## What you should do
I need the lines below from the one with "2) person [941,632,978,727]" down to the one with "5) person [341,612,376,697]" reproduced exactly, both ends included, and nothing else.

(Items listed in a dataset)
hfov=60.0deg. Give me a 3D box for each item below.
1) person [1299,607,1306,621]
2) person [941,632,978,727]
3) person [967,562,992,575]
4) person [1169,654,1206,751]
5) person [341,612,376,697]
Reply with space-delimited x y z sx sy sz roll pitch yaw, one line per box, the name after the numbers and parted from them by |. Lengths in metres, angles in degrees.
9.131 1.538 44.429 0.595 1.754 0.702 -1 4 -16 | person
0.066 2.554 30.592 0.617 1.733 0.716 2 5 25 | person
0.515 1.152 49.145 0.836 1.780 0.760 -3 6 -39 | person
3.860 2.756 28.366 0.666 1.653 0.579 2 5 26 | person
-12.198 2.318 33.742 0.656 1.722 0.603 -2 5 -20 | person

---

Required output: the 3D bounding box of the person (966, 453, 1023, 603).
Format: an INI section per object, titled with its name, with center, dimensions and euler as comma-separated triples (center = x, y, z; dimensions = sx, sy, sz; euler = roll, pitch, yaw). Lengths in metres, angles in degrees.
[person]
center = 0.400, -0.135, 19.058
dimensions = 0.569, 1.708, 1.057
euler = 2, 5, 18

## Exercise output
2) person [941,632,978,727]
3) person [967,562,992,575]
4) person [1169,654,1206,751]
5) person [341,612,376,697]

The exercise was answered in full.